Ex-Senator David R. Atchison was born at Frogtown*, in Fayette County, Kentucky, August 11, 1807...
The first white settlement made within the limits of what is now known as Atchison County, was effected in the spring of 1839, by Hank B. Roberts and Thomas Wilson, single men...
The original townships of Atchison County were Clark, Polk, Bluff, Nishnabotna, and Tarkio. (The boundaries are given on pp. 628, 629, History of Holt & Atchison Counties, 1882.)(--History of Holt and Atchison Counties, pp. 588, 585, 611.)
*Frogtown now is a part of Lexington; mail via Versailles.(--Rand, McNally Marketing Guide and Commercial Atlas, 1978, p. 241.)
The area now enclosed in Atchison County is a part of the Platte Purchase, the other counties of the purchase being: Platte, organized December 3, 1837; Buchanan, February 13, 1839; Andrew, January 14, 1845; Nodaway, February 14, 1845; Holt, February 15, 1841.(--Encyclopedia of the History of Missouri, 1901, Conard, p. 151.
[II]
Townships
Buchanan Township
It was formed from all the townships of Polk and Nishnabotnah..
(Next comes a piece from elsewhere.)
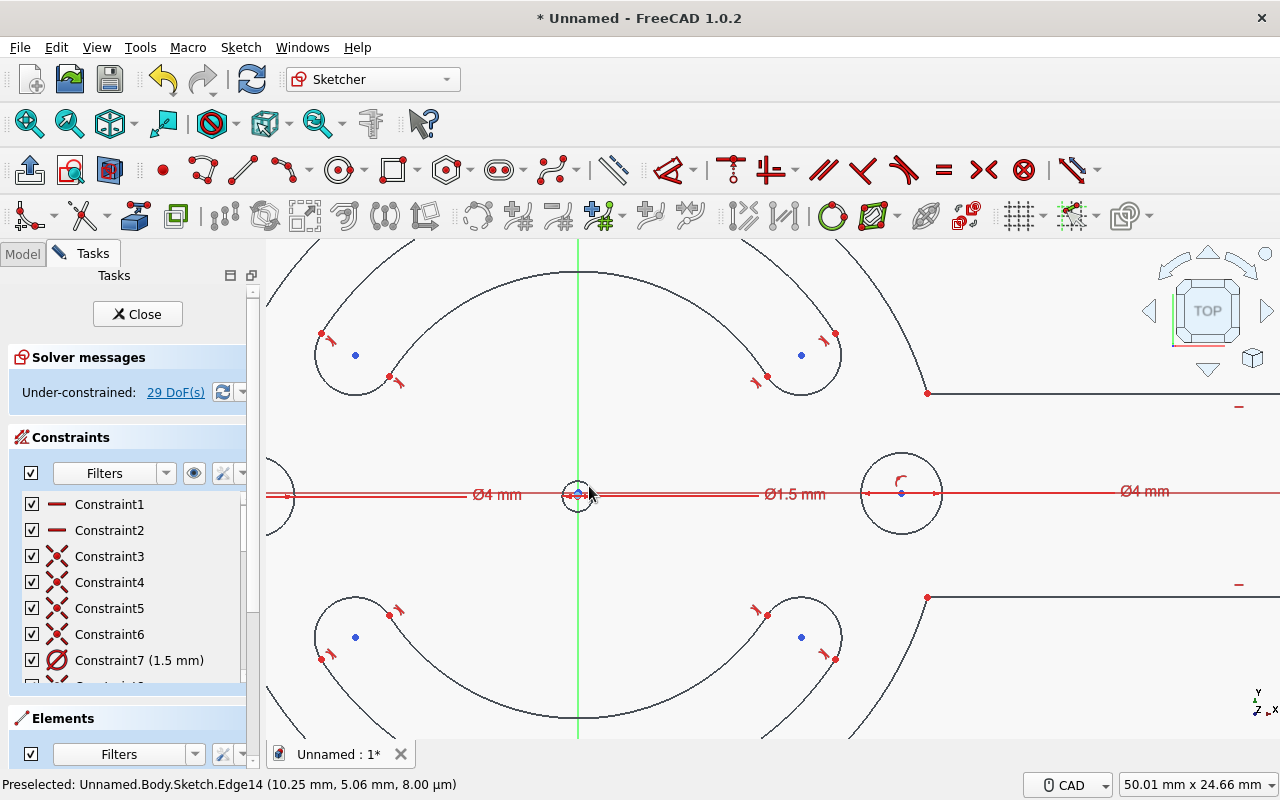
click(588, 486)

Sometime after the organization of Buchanan Township...the small territory in the extreme northwestern corner of the county, which comprised the original municipal division known as Bluff Township, and erected as such at the period of the first organization of the county, April 14, 1845, was annexed to Buchanan Township, and designated as West Buchanan Township in contra-distinction to the original, or as it is sometimes styled East Buchanan Township.
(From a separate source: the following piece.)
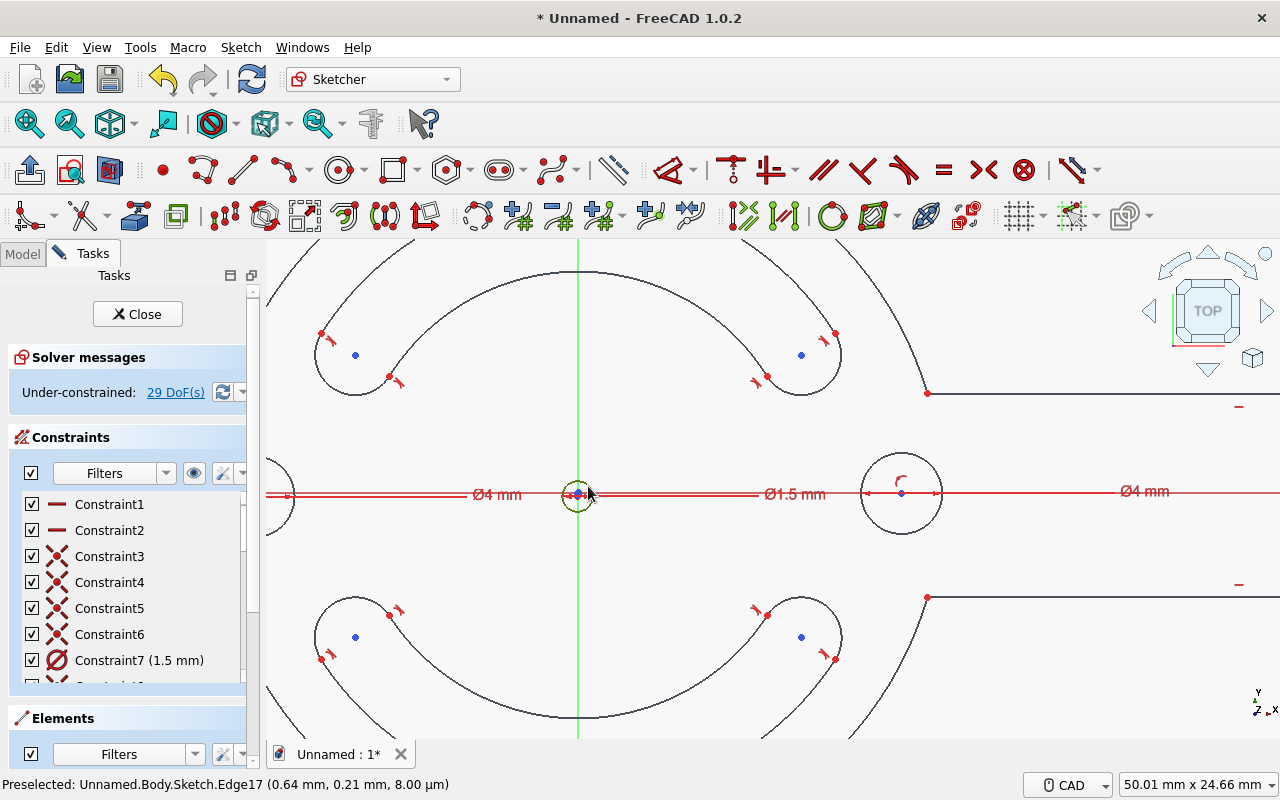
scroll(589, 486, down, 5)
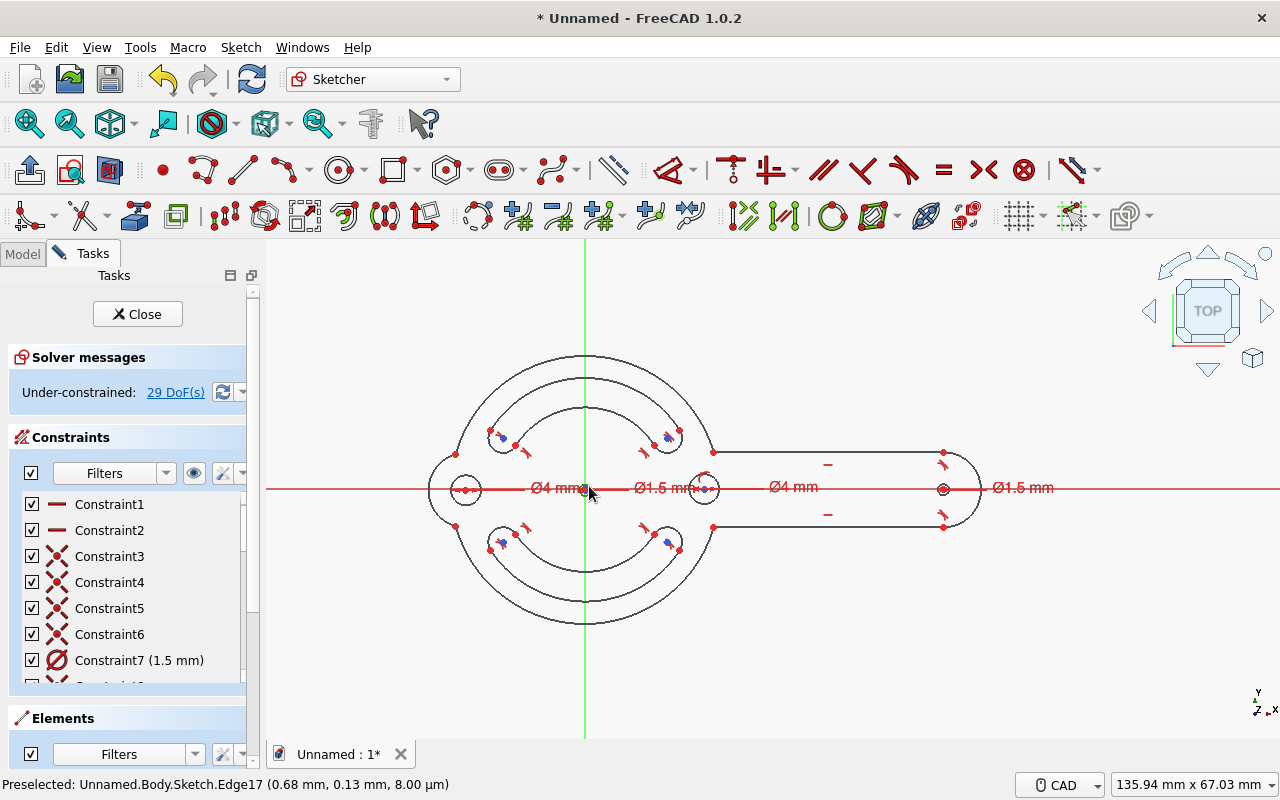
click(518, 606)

Buchanan Township claimed a pioneer within its limits, as early as 1839. This settler was a Frenchman, by the name of Joseph Bernard, but almost universally known through this section of the country by the nickname of "Faw Faw".(--pp. 869, 870.)
Mills of Buchanan Township
Benton Township
Benton Township is bounded on the north by Templeton & Clay Townships, from the latter of which it is separated by the Nishnabotnah River; on the east by Clay and Clark Townships, from which it is also separated by the same river...and on the south and west by the State of Nebraska, from which it is separated by the Missouri River...
The first settlers were two men, named respectively Stilson and Jackson. They settled as early as 1839, or 1840 (long before the country was surveyed) in the extreme western portion of Benton Township...The farm which they settled is now (1882) three-quarters of a mile in the Missouri River...(--pp. 630, 631.)
[III]
Clark Township
Among the early settlers of Clark Township were Dr. William Mann...and others, some of whom located in the township as early as 1841; and all before 1848. At that time the land on the east side of the Tarkio River could be bought for fifteen cents per acre (sic)...(--pp. 721, 722, 723.)
Clay Township
It is bounded on the north by Polk Township..., on the east by Tarkio and Clark Townships; on the south by Clark and Benton Townships, from which latter it is separated by the Nishnabotnah River, on the west by Templeton and Nishnabotnah Townships from which it is separated by the Nishnabotnah River...(--p. 641.)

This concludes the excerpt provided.